» **Prompt**: Leave out the images and return all the data word for word.

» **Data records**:
↓↓↓

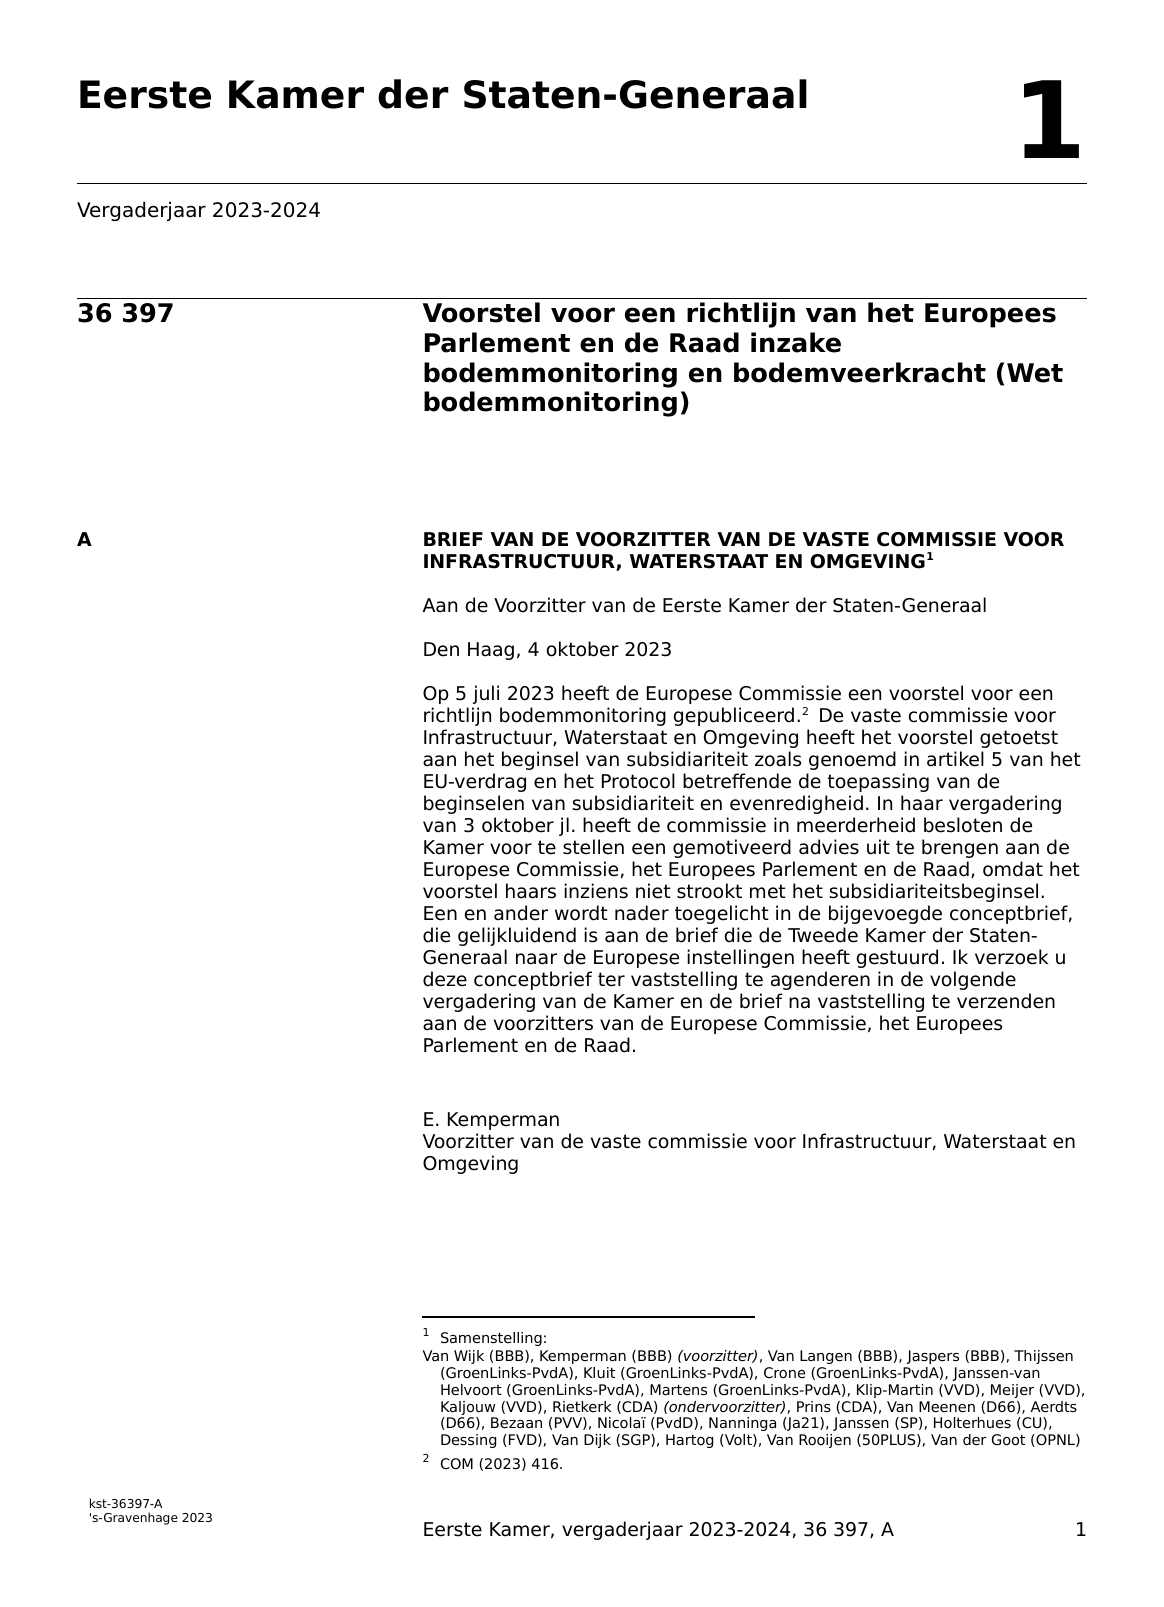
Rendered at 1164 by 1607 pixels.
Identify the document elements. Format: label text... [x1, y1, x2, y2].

text COM (2023) 416. [422, 1452, 1087, 1474]
text 's-Gravenhage 2023 [88, 1511, 323, 1525]
text Op 5 juli 2023 heeft de Europese Commissie een voorstel voor een richtlijn bodemmonitoring gepubliceerd. De vaste commissie voor Infrastructuur, Waterstaat en Omgeving heeft het voorstel getoetst aan het beginsel van subsidiariteit zoals genoemd in artikel 5 van het EU-verdrag en het Protocol betreffende de toepassing van de beginselen van subsidiariteit en evenredigheid. In haar vergadering van 3 oktober jl. heeft de commissie in meerderheid besloten de Kamer voor te stellen een gemotiveerd advies uit te brengen aan de Europese Commissie, het Europees Parlement en de Raad, omdat het voorstel haars inziens niet strookt met het subsidiariteitsbeginsel. Een en ander wordt nader toegelicht in de bijgevoegde conceptbrief, die gelijkluidend is aan de brief die de Tweede Kamer der Staten-Generaal naar de Europese instellingen heeft gestuurd. Ik verzoek u deze conceptbrief ter vaststelling te agenderen in de volgende vergadering van de Kamer en de brief na vaststelling te verzenden aan de voorzitters van de Europese Commissie, het Europees Parlement en de Raad. [422, 683, 1087, 1057]
table_cell Vergaderjaar 2023-2024 [77, 184, 1087, 298]
text Van Wijk (BBB), Kemperman (BBB) (voorzitter), Van Langen (BBB), Jaspers (BBB), Thijssen (GroenLinks-PvdA), Kluit (GroenLinks-PvdA), Crone (GroenLinks-PvdA), Janssen-van Helvoort (GroenLinks-PvdA), Martens (GroenLinks-PvdA), Klip-Martin (VVD), Meijer (VVD), Kaljouw (VVD), Rietkerk (CDA) (ondervoorzitter), Prins (CDA), Van Meenen (D66), Aerdts (D66), Bezaan (PVV), Nicolaï (PvdD), Nanninga (Ja21), Janssen (SP), Holterhues (CU), Dessing (FVD), Van Dijk (SGP), Hartog (Volt), Van Rooijen (50PLUS), Van der Goot (OPNL) [422, 1348, 1087, 1449]
text Aan de Voorzitter van de Eerste Kamer der Staten-Generaal [422, 595, 1087, 617]
text kst-36397-A [88, 1497, 323, 1511]
subtitle 36 397 Voorstel voor een richtlijn van het Europees Parlement en de Raad inzake bodemmonitoring en bodemveerkracht (Wet bodemmonitoring) [77, 299, 1087, 418]
subtitle A BRIEF VAN DE VOORZITTER VAN DE VASTE COMMISSIE VOOR INFRASTRUCTUUR, WATERSTAAT EN OMGEVING [77, 529, 1087, 573]
text Den Haag, 4 oktober 2023 [422, 639, 1087, 661]
table_header 1 [886, 59, 1087, 183]
text Samenstelling: [422, 1326, 1087, 1348]
text E. Kemperman Voorzitter van de vaste commissie voor Infrastructuur, Waterstaat en Omgeving [422, 1087, 1087, 1175]
table_header Eerste Kamer der Staten-Generaal [77, 59, 886, 183]

↑↑↑

» **Reply**:
Rendered at 1164 by 1607 pixels.
Identify the document elements. Format: label text... [x1, y1, x2, y2].

text COM (2023) 416. [422, 1452, 1087, 1474]
text 's-Gravenhage 2023 [88, 1511, 323, 1525]
text Op 5 juli 2023 heeft de Europese Commissie een voorstel voor een richtlijn bodemmonitoring gepubliceerd. De vaste commissie voor Infrastructuur, Waterstaat en Omgeving heeft het voorstel getoetst aan het beginsel van subsidiariteit zoals genoemd in artikel 5 van het EU-verdrag en het Protocol betreffende de toepassing van de beginselen van subsidiariteit en evenredigheid. In haar vergadering van 3 oktober jl. heeft de commissie in meerderheid besloten de Kamer voor te stellen een gemotiveerd advies uit te brengen aan de Europese Commissie, het Europees Parlement en de Raad, omdat het voorstel haars inziens niet strookt met het subsidiariteitsbeginsel. Een en ander wordt nader toegelicht in de bijgevoegde conceptbrief, die gelijkluidend is aan de brief die de Tweede Kamer der Staten-Generaal naar de Europese instellingen heeft gestuurd. Ik verzoek u deze conceptbrief ter vaststelling te agenderen in de volgende vergadering van de Kamer en de brief na vaststelling te verzenden aan de voorzitters van de Europese Commissie, het Europees Parlement en de Raad. [422, 683, 1087, 1057]
table_cell Vergaderjaar 2023-2024 [77, 184, 1087, 298]
text Van Wijk (BBB), Kemperman (BBB) (voorzitter), Van Langen (BBB), Jaspers (BBB), Thijssen (GroenLinks-PvdA), Kluit (GroenLinks-PvdA), Crone (GroenLinks-PvdA), Janssen-van Helvoort (GroenLinks-PvdA), Martens (GroenLinks-PvdA), Klip-Martin (VVD), Meijer (VVD), Kaljouw (VVD), Rietkerk (CDA) (ondervoorzitter), Prins (CDA), Van Meenen (D66), Aerdts (D66), Bezaan (PVV), Nicolaï (PvdD), Nanninga (Ja21), Janssen (SP), Holterhues (CU), Dessing (FVD), Van Dijk (SGP), Hartog (Volt), Van Rooijen (50PLUS), Van der Goot (OPNL) [422, 1348, 1087, 1449]
text Aan de Voorzitter van de Eerste Kamer der Staten-Generaal [422, 595, 1087, 617]
text kst-36397-A [88, 1497, 323, 1511]
subtitle 36 397 Voorstel voor een richtlijn van het Europees Parlement en de Raad inzake bodemmonitoring en bodemveerkracht (Wet bodemmonitoring) [77, 299, 1087, 418]
subtitle A BRIEF VAN DE VOORZITTER VAN DE VASTE COMMISSIE VOOR INFRASTRUCTUUR, WATERSTAAT EN OMGEVING [77, 529, 1087, 573]
text Den Haag, 4 oktober 2023 [422, 639, 1087, 661]
table_header 1 [886, 59, 1087, 183]
text Samenstelling: [422, 1326, 1087, 1348]
text E. Kemperman Voorzitter van de vaste commissie voor Infrastructuur, Waterstaat en Omgeving [422, 1087, 1087, 1175]
table_header Eerste Kamer der Staten-Generaal [77, 59, 886, 183]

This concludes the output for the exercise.